> **MATERIAL PROVIDED**:

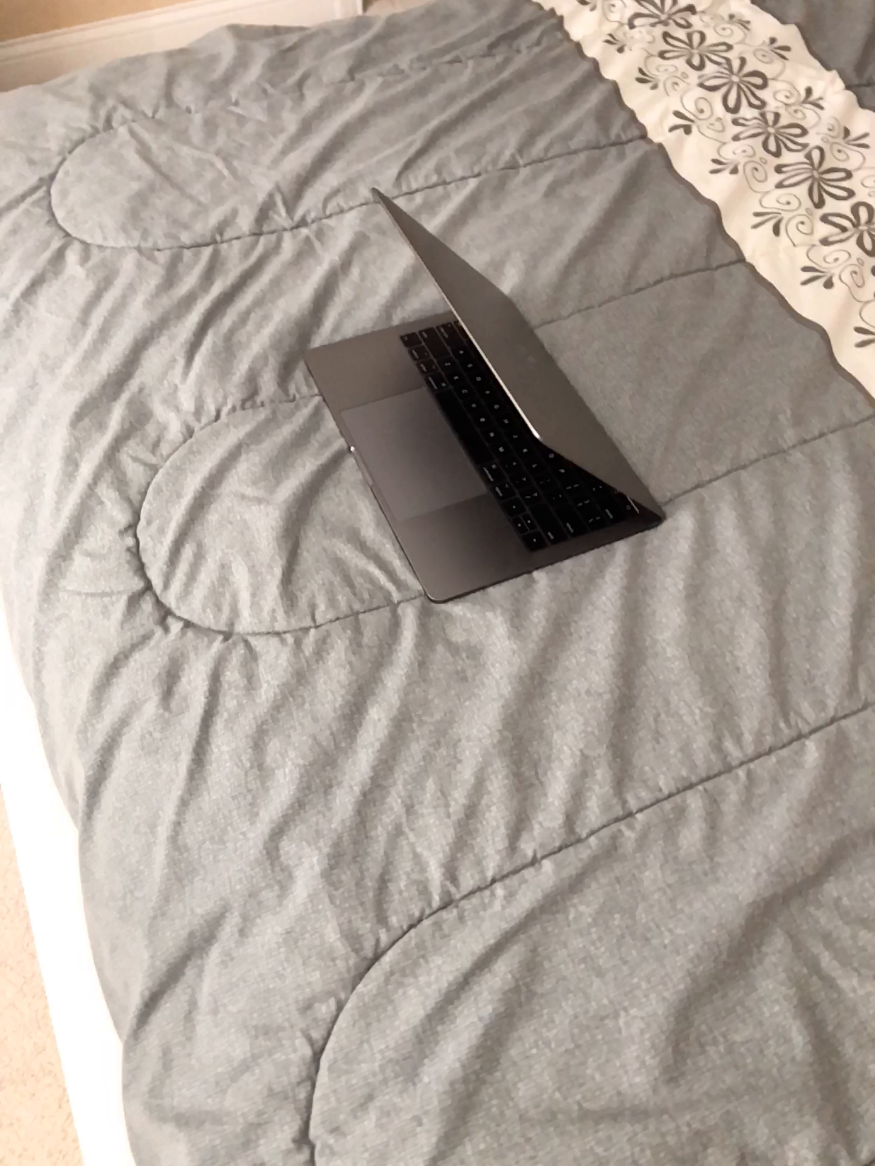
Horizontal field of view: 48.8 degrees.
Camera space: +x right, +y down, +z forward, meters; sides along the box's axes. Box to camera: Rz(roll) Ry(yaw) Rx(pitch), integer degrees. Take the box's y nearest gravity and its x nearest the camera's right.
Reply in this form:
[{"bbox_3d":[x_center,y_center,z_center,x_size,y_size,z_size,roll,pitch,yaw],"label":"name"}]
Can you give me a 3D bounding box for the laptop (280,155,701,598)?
[{"bbox_3d":[0.026,-0.165,0.727,0.195,0.140,0.279,-19,57,-14],"label":"laptop"}]
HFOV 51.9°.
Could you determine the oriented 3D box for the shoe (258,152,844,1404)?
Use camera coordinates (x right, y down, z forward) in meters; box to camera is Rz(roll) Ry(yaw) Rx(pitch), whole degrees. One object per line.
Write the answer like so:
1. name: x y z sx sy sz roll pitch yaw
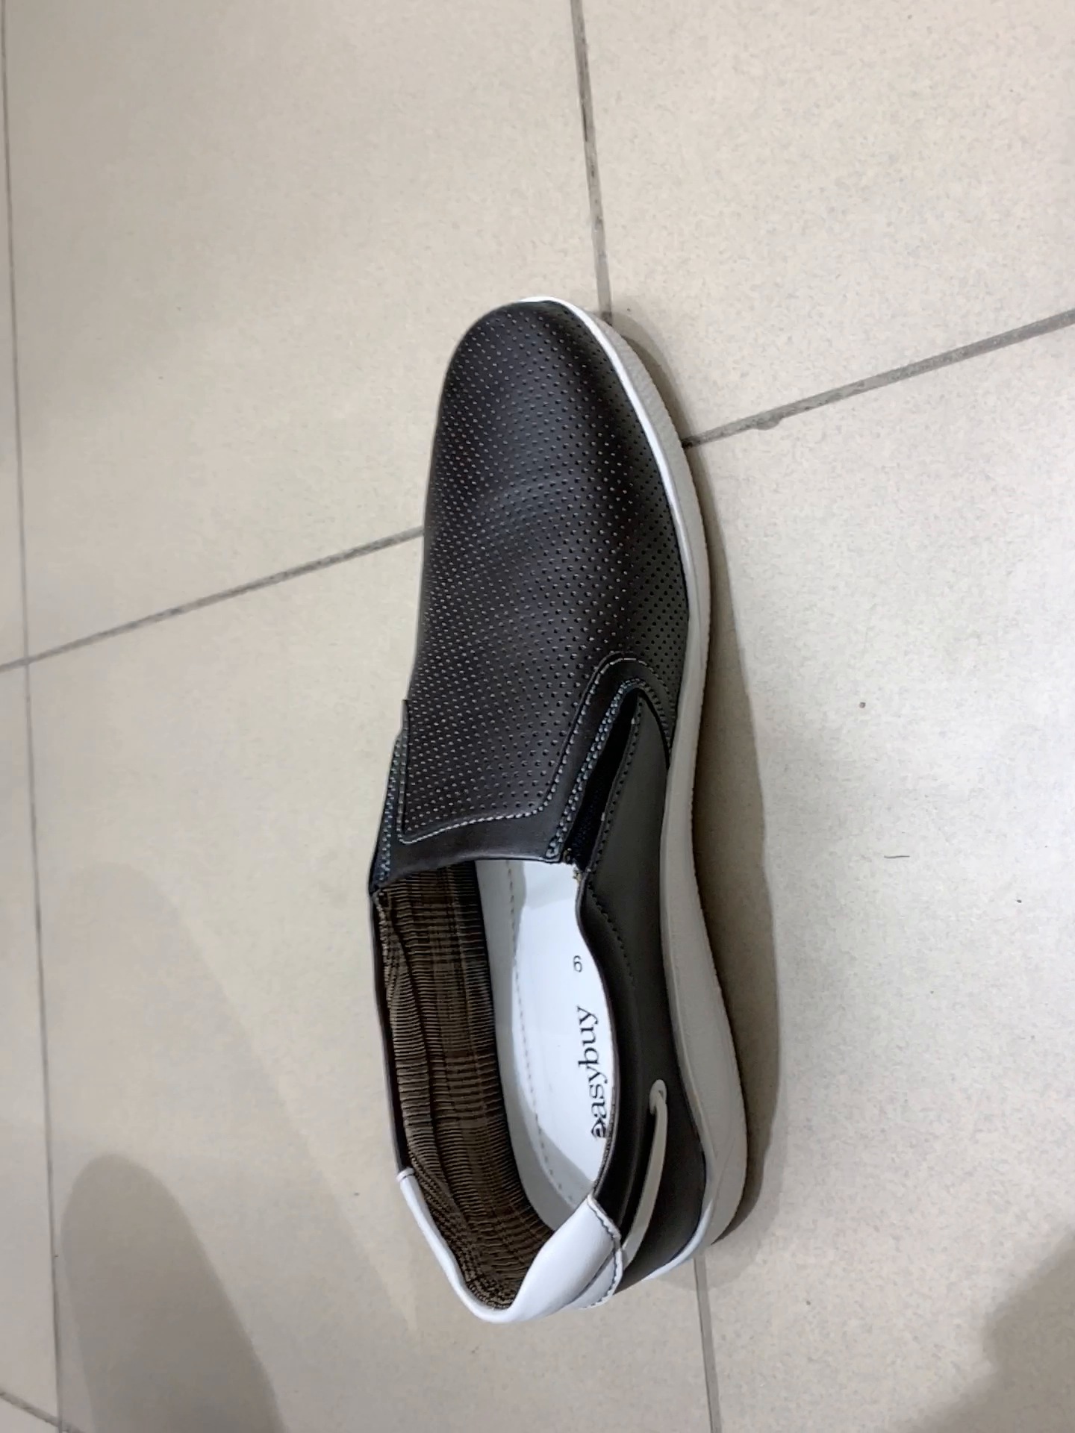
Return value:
1. shoe: -0.001 0.014 0.331 0.111 0.089 0.300 -13 81 39

> **TASK REQUIREMENTS**: Give back, word for word, the lines from the line that contains "Write the answer" through the last line of the records, with no pictures and nothing else.

> **TASK RESPONSE**:
Write the answer like so:
1. name: x y z sx sy sz roll pitch yaw
Return value:
1. shoe: -0.001 0.014 0.331 0.111 0.089 0.300 -13 81 39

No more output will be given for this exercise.